There are other built in functions, eg _count

```
cat mapped.json | reduce-group --reduce=_count

{ key: [ 'c3rrcv0' ], value: 3 }
{ key: [ 'c3rrcv1' ], value: 3 }
{ key: [ 'c3rrcv4' ], value: 3 }
{ key: [ 'c3rrcv5' ], value: 3 }
{ key: [ 'c3rrcyz' ], value: 1 }
```

```
example.json | reduce-group --group_level=2 --reduce=_count
{"key":["c3rrcv0","Robbery"],"value":3}
{"key":["c3rrcv1","Assualt"],"value":1}
{"key":["c3rrcv1","Robbery"],"value":2}
{"key":["c3rrcv4","Assualt"],"value":1}
{"key":["c3rrcv4","Robbery"],"value":2}
{"key":["c3rrcv5","Assualt"],"value":1}
{"key":["c3rrcv5","Robbery"],"value":2}
{"key":["c3rrcyz","Robbery"],"value":1}
```

and _stats

```
cat mapped.json | reduce-group --reduce=_stats

{"key":["c3rrcv0"],"value":{"min":1,"max":12,"sum":14,"count":3,"sumsqr":146}}
{"key":["c3rrcv1"],"value":{"min":1,"max":2,"sum":4.4,"count":3,"sumsqr":6.96}}
{"key":["c3rrcv4"],"value":{"min":1,"max":2,"sum":5,"count":3,"sumsqr":9}}
{"key":["c3rrcv5"],"value":{"min":0,"max":3,"sum":4,"count":3,"sumsqr":10}}
{"key":["c3rrcyz"],"value":{"min":3,"max":3,"sum":3,"count":1,"sumsqr":9}}
```

All Options
-----------

- --group_level=1 What level to group the data at,
- --reduce=_sum How to reduce.
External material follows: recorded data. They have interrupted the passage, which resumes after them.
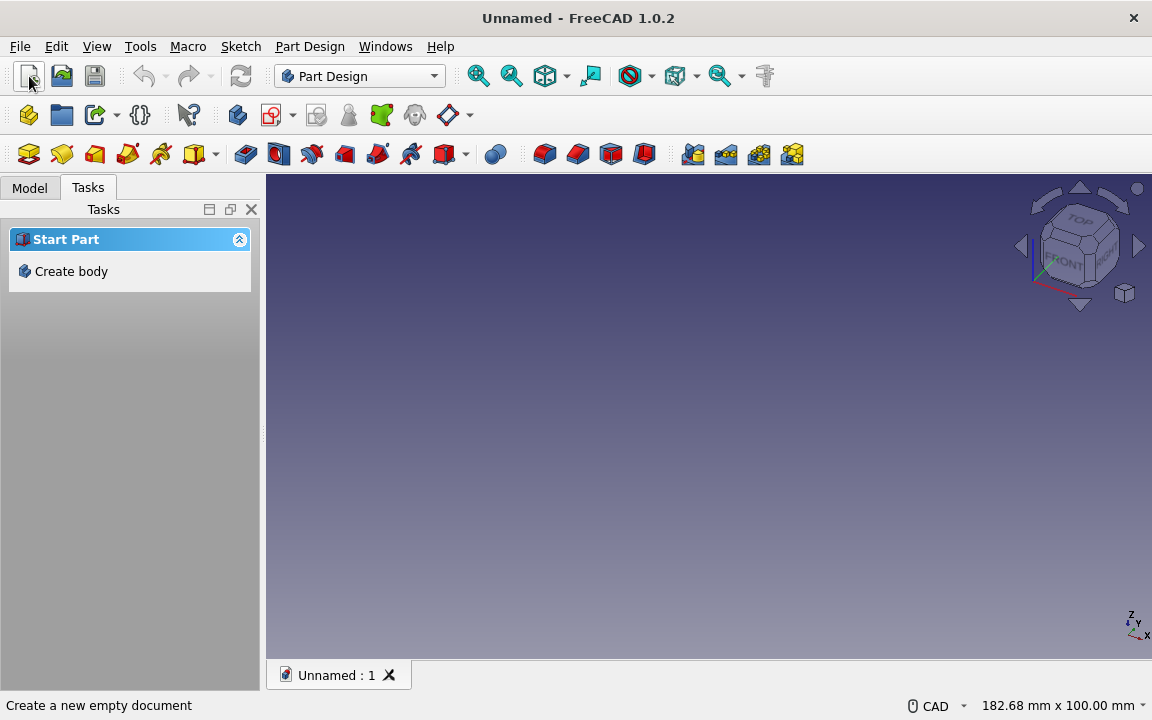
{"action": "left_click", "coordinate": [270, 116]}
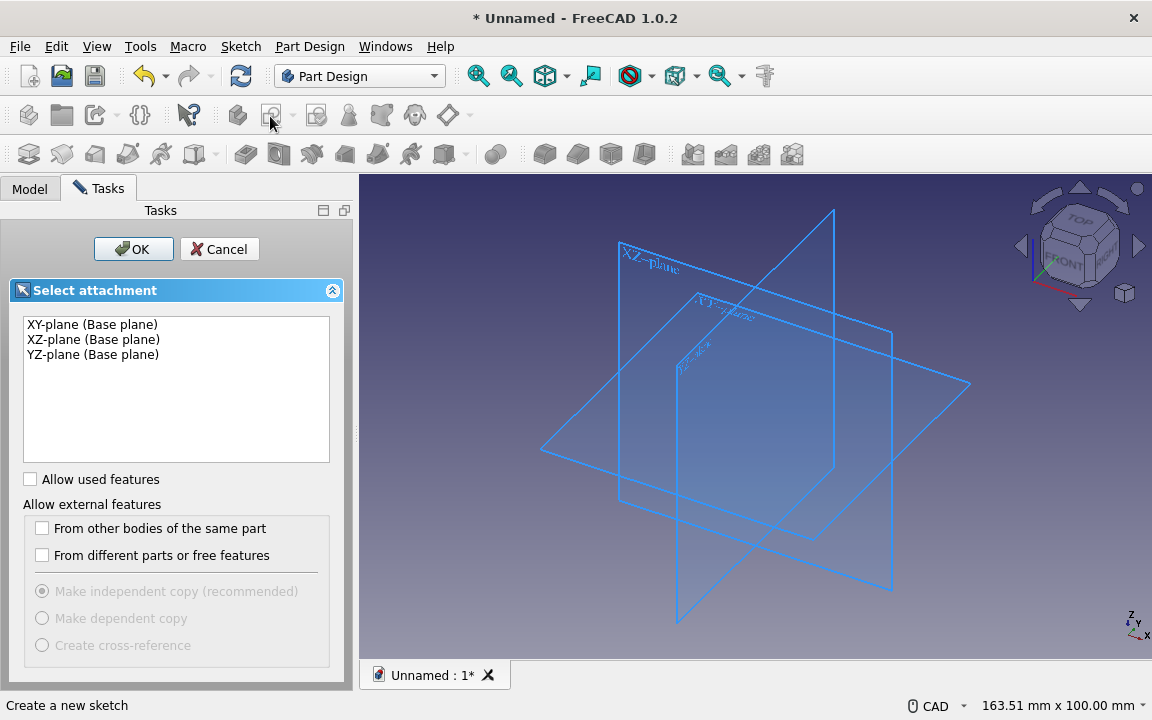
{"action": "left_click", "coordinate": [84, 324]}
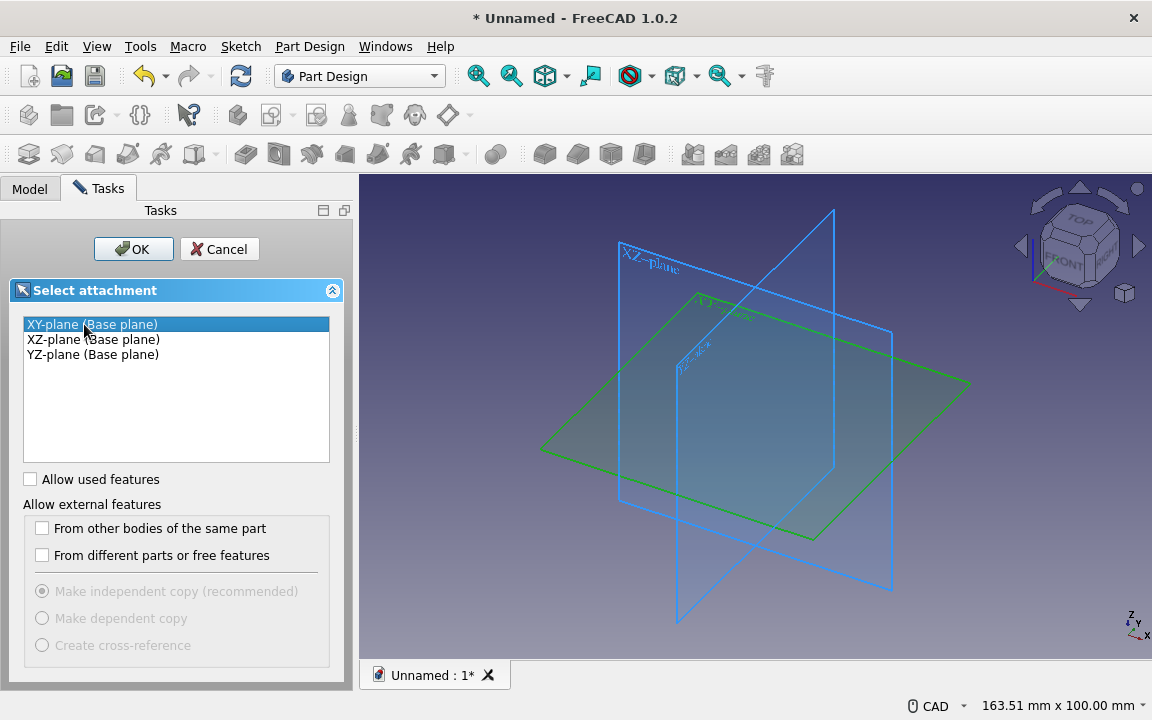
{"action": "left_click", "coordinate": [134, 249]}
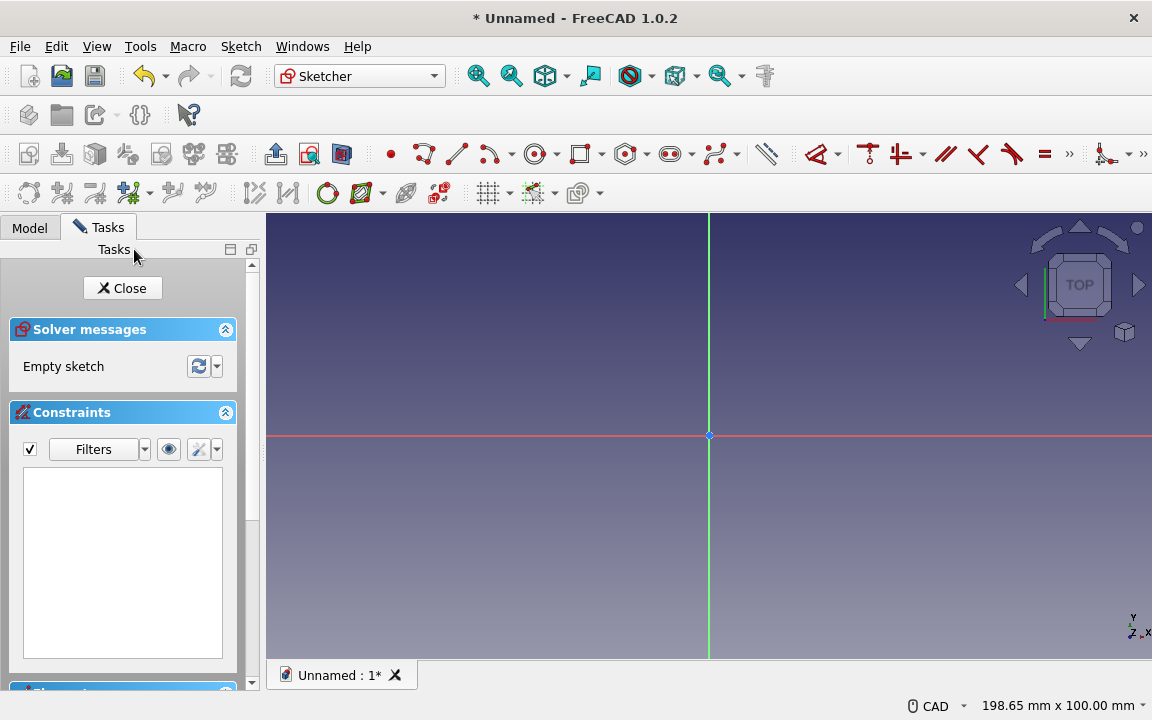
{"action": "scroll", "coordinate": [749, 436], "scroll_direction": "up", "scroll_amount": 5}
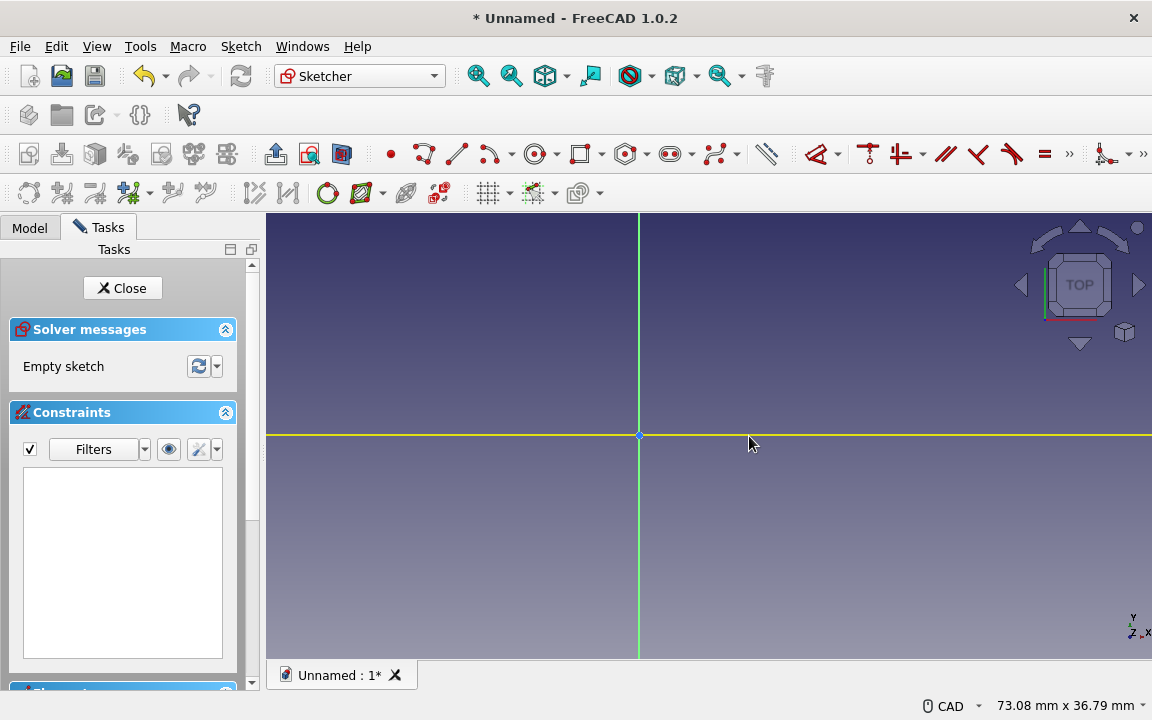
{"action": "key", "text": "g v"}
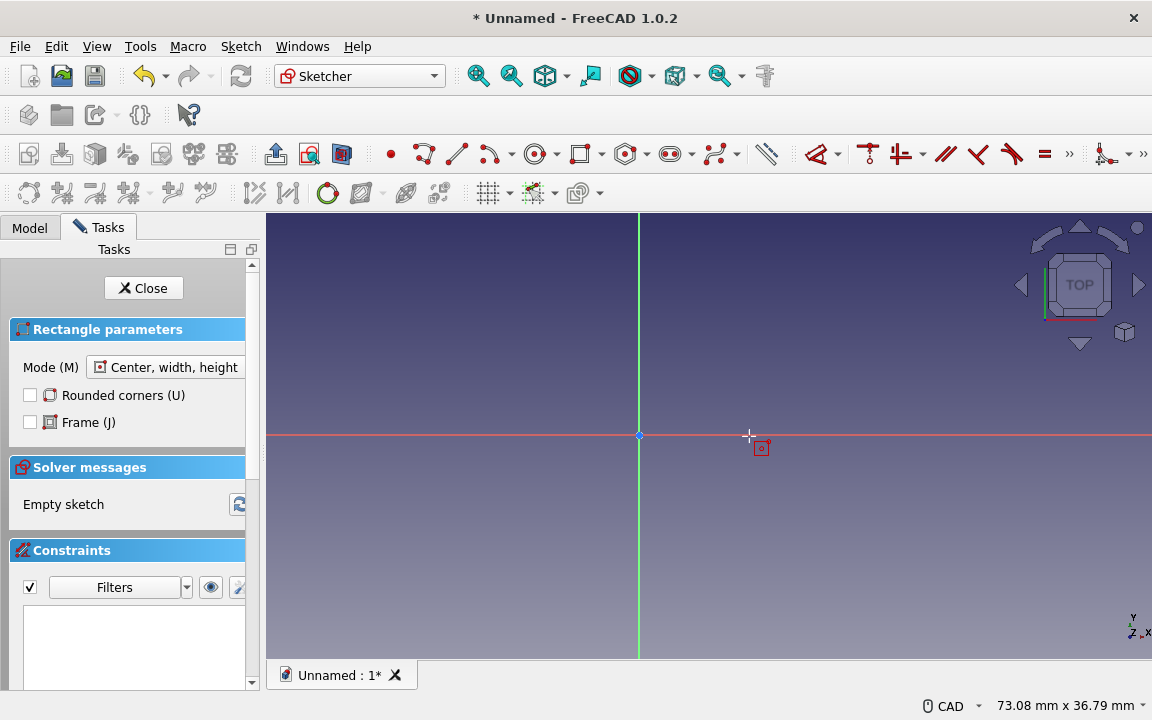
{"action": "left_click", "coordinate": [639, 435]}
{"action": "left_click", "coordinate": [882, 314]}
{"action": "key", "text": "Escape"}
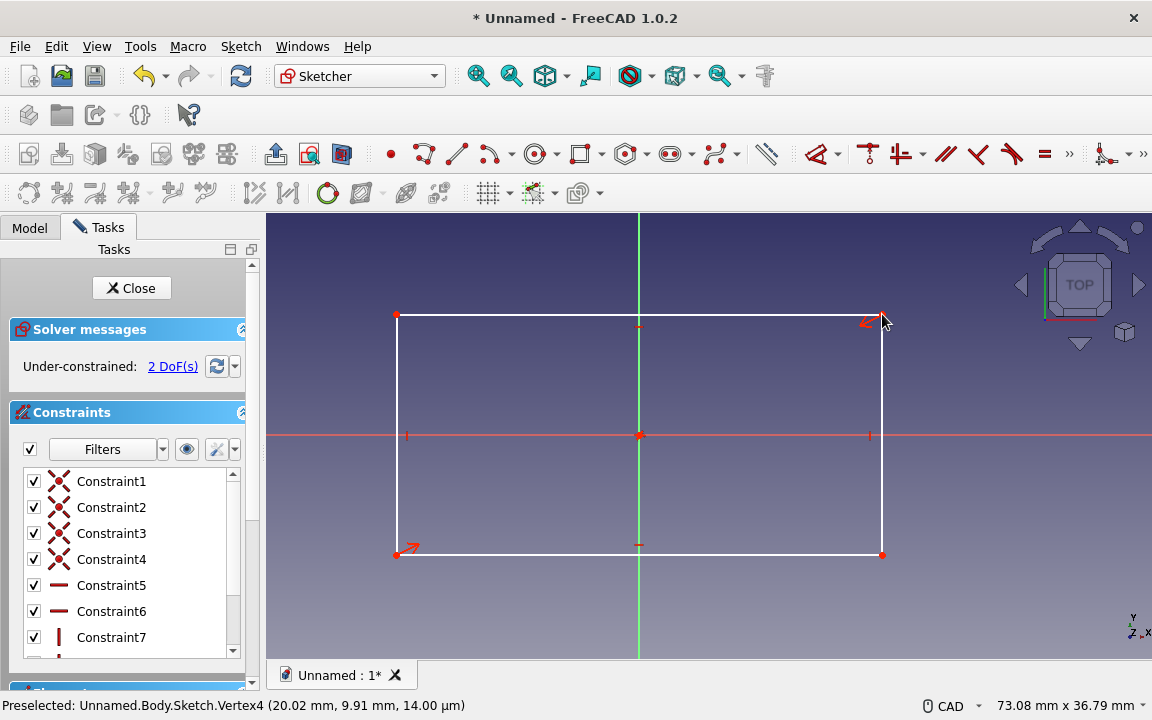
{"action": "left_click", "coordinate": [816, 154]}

Can be _sum, _stats, _count or a custom reduce function
- --file=reduce.js Define a reduce in an external js file.
- --db_module=memdown What backing to store the reduce in. Larger datasets might want 'leveldown'
- --db_path=./data Where to store a persistent level store like leveldown.
- --separator='\xff' The default separator in the underlying leveldb

Future
------

This is the first release. I plan to have reduce options such as _sum, _count and _stats in the future.